Grounded in: Attention Is All You Need (Vaswani et al., 2017). Plain-English takeaway: every token can look at every other token and learn what matters. That Transformer idea is the architecture behind Claude, GPT, Gemini, and most modern LLMs.
What this lets you predict
- Order can matter a lot. Putting instructions at the end vs the start changes which tokens get attended to in the final layer.
- Long context dilutes attention. A 100k-token document drowns the few tokens that actually matter. This is why retrieval beats stuffing.
- Markdown structure helps. Headings give the model strong "section boundary" tokens to anchor attention on.
Make attention fail, then fix it.
- In a fresh chat, paste a short instruction buried in clutter: about 8 lines of filler text, then on one middle line
Reply only in French., then 8 more filler lines, then your questionWhat is the capital of Japan? - Note whether the reply is in French.
- New chat. Move the instruction to the very top AND repeat it at the very bottom, same question. Note the language now.
Stretch. Replace the filler with Markdown headings (## Context, ## Instruction, ## Question) and confirm the structured version is obeyed even with the instruction in the middle.
The next-token-prediction loop.
Motto: the model only ever picks one token at a time; everything else is a loop.
Here is the surprising thing: the model does not "write a response." It picks one token, appends it to the input, and runs the whole pipeline again.
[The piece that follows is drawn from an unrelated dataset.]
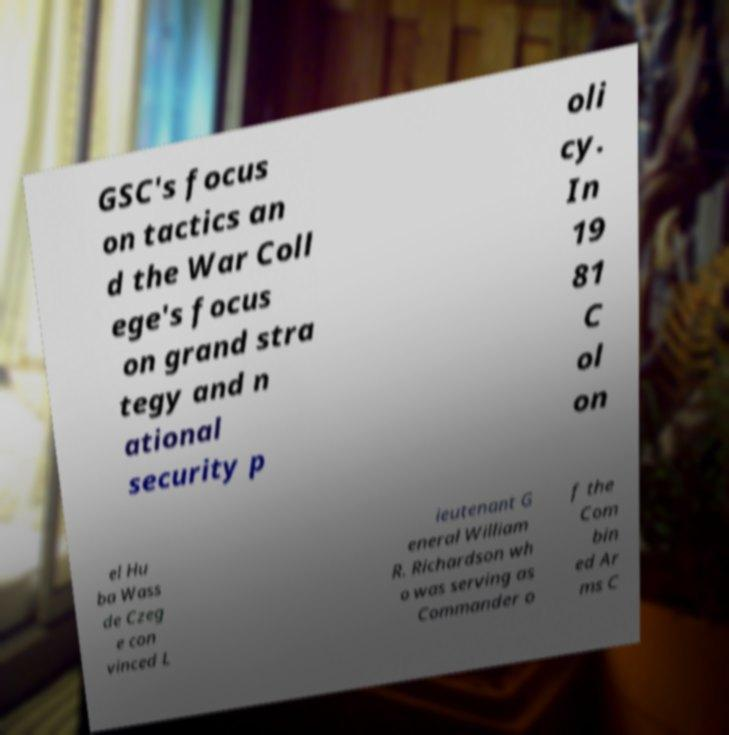Could you assist in decoding the text presented in this image and type it out clearly? GSC's focus on tactics an d the War Coll ege's focus on grand stra tegy and n ational security p oli cy. In 19 81 C ol on el Hu ba Wass de Czeg e con vinced L ieutenant G eneral William R. Richardson wh o was serving as Commander o f the Com bin ed Ar ms C

A 500-word response is 500+ separate forward passes, each one picking a token based on everything that came before.
Consequences:
- Once a token is picked, it's committed. The model can't go back and revise an earlier word.
- Streaming is real. The reason you see tokens stream out is because they ARE generated one at a time; the API just sends them as they're produced.
- The "think step-by-step" trick works because each thinking token is added to context, which the next prediction can attend to. Writing reasoning out loud literally improves the next answer.
- Stop tokens end the generation. The model emits a special end-of-message token when it decides it's done.
Prove reasoning tokens change the answer.
- New chat. Ask for the answer only:
A bat and ball cost $1.10 total. The bat costs $1.00 more than the ball. How much is the ball? Reply with only the dollar amount, no explanation. - New chat. Same problem, but:
...Think step by step, then give the answer. - Compare. (The answer is $0.05; the no-reasoning version often says $0.10.)
Stretch. Force the failure: Answer in one word, immediately, no reasoning: a 3-step word problem of your own. The terser you force it, the more the loop has no room to "think out loud."
Temperature, top-p, top-k.
Motto: at each step the model has a probability over every possible next token; these three knobs shape how it picks.
After the model computes probabilities for every next-token candidate, it has to pick one. The picking is controlled by:
- Temperature (0 to ~2). Reshapes the probability distribution. 0 = always pick the highest-probability token (deterministic). 1 = use the raw probabilities. Higher = flatter, more random.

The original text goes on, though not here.